Missouri Legislature
- Long title AN ACT To repeal sections 208.152, 217.230, and 221.120, RSMo, and to enact in lieu thereof four new sections relating to gender transition procedures. ;
- Territorial extent: Missouri
- Enacted by: Missouri Senate
- Enacted by: Missouri House of Representatives
- Signed by: Mike Parson
- Signed: June 7, 2023
- Effective: August 28, 2023
- Date of expiry: August 28, 2027

Legislative history

First chamber: Missouri Senate
- Introduced: December 1, 2022
- First reading: January 4, 2023
- Second reading: January 12, 2023
- Third reading: March 23, 2023
- Voting summary: 24 voted for; 8 voted against; 2 absent;

Second chamber: Missouri House of Representatives
- First reading: March 23, 2023
- Second reading: March 24, 2023
- Third reading: May 10, 2023
- Voting summary: 108 voted for; 50 voted against; 4 absent;

Summary
- Restricts medical professionals from administering gender-affirming medical care to Missourians under eighteen years of age.
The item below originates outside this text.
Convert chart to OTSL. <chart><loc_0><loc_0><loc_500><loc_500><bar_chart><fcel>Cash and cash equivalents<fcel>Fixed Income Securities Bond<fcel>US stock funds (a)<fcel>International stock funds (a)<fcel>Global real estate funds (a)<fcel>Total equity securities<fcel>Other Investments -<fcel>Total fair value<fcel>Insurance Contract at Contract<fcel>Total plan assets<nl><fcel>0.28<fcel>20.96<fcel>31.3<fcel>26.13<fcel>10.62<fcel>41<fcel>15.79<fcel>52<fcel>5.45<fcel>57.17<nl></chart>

= Missouri Senate Bill 49 =

Missouri Save Adolescents from Experimentation (SAFE) Act

Missouri Senate Bill 49 (SB 49), also known as the Missouri Save Adolescents from Experimentation (SAFE) Act, is a 2023 law in the state of Missouri that restricts access to gender-affirming medical care for minors, such as hormone replacement therapy (HRT), puberty blockers, and sex reassignment surgery. It was signed into law by Governor Mike Parson on June 7, 2023 and entered into force on August 28. As a result of negotiations in the legislature, the law is set to expire on August 28, 2027.
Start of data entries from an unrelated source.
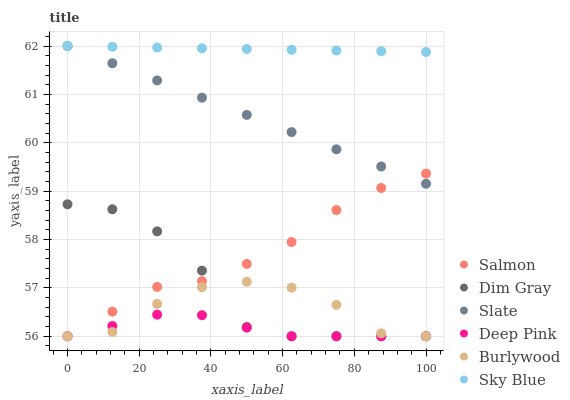Does Deep Pink have the minimum area under the curve?
Answer yes or no. Yes. Does Sky Blue have the maximum area under the curve?
Answer yes or no. Yes. Does Burlywood have the minimum area under the curve?
Answer yes or no. No. Does Burlywood have the maximum area under the curve?
Answer yes or no. No. Is Slate the smoothest?
Answer yes or no. Yes. Is Dim Gray the roughest?
Answer yes or no. Yes. Is Burlywood the smoothest?
Answer yes or no. No. Is Burlywood the roughest?
Answer yes or no. No. Does Dim Gray have the lowest value?
Answer yes or no. Yes. Does Slate have the lowest value?
Answer yes or no. No. Does Sky Blue have the highest value?
Answer yes or no. Yes. Does Burlywood have the highest value?
Answer yes or no. No. Is Burlywood less than Slate?
Answer yes or no. Yes. Is Sky Blue greater than Burlywood?
Answer yes or no. Yes. Does Slate intersect Sky Blue?
Answer yes or no. Yes. Is Slate less than Sky Blue?
Answer yes or no. No. Is Slate greater than Sky Blue?
Answer yes or no. No. Does Burlywood intersect Slate?
Answer yes or no. No. 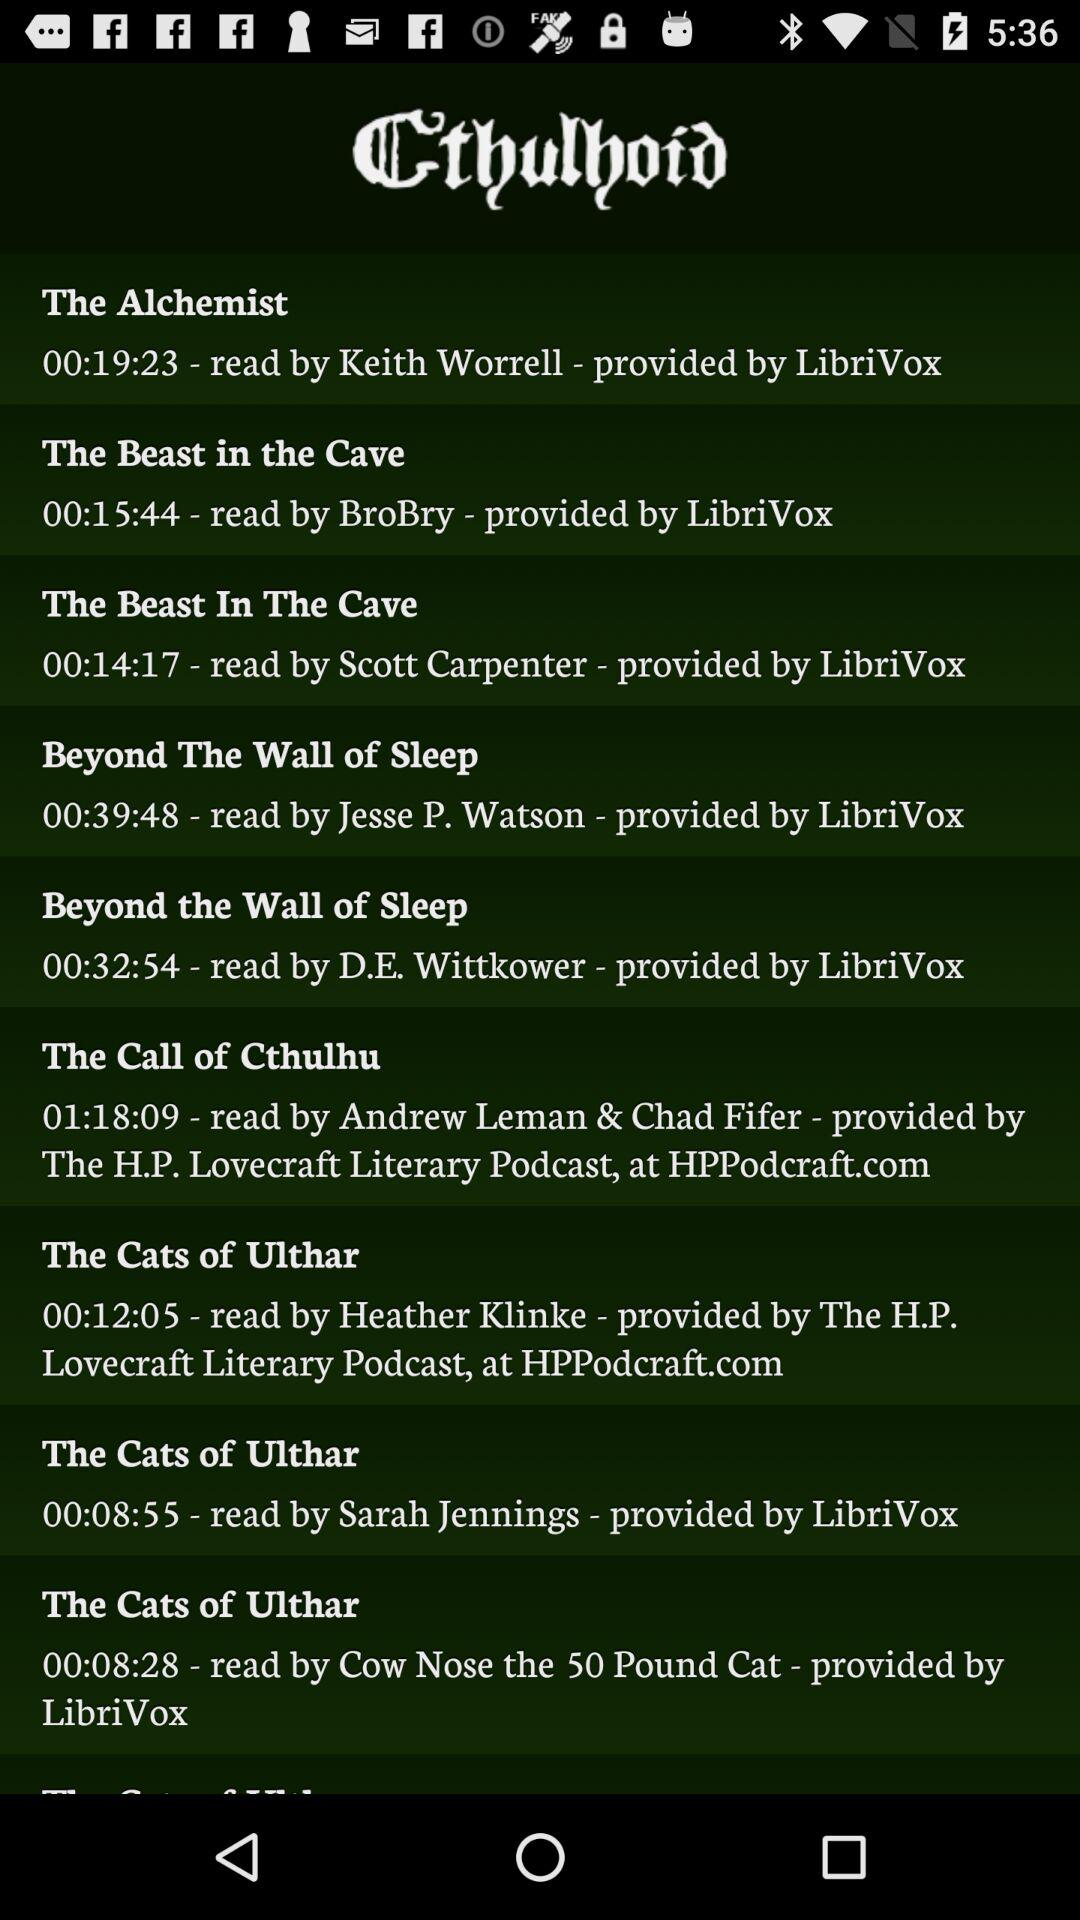What is the name of the reader of "The Alchemist"? The name of the reader of "The Alchemist" is Keith Worrell.

It was passed alongside Senate Bill 39, which restricts transgender Missourians from competing in sports differing from their biological sex. The bill was filibustered by Missouri Democrats in the legislature and only passed after a compromise was made to allow the law to expire in 2027. Lawsuits were filed against Senate Bill 49 following its passage, including one by the ACLU of Missouri and Lambda Legal in July 2023. In November 2024, a Missouri circuit judge ruled in favor of upholding the law.

== Provisions ==
Senate Bill 49 prohibits medical professionals in the state of Missouri from administering gender-affirming hormone therapy, which can include estradiol valerate, testosterone, and puberty blockers. Sex reassignment surgery is also prohibited. It followed emergency regulations issued by Attorney General Andrew Bailey, which included an 18-month waiting period before minors could be prescribed any such treatment.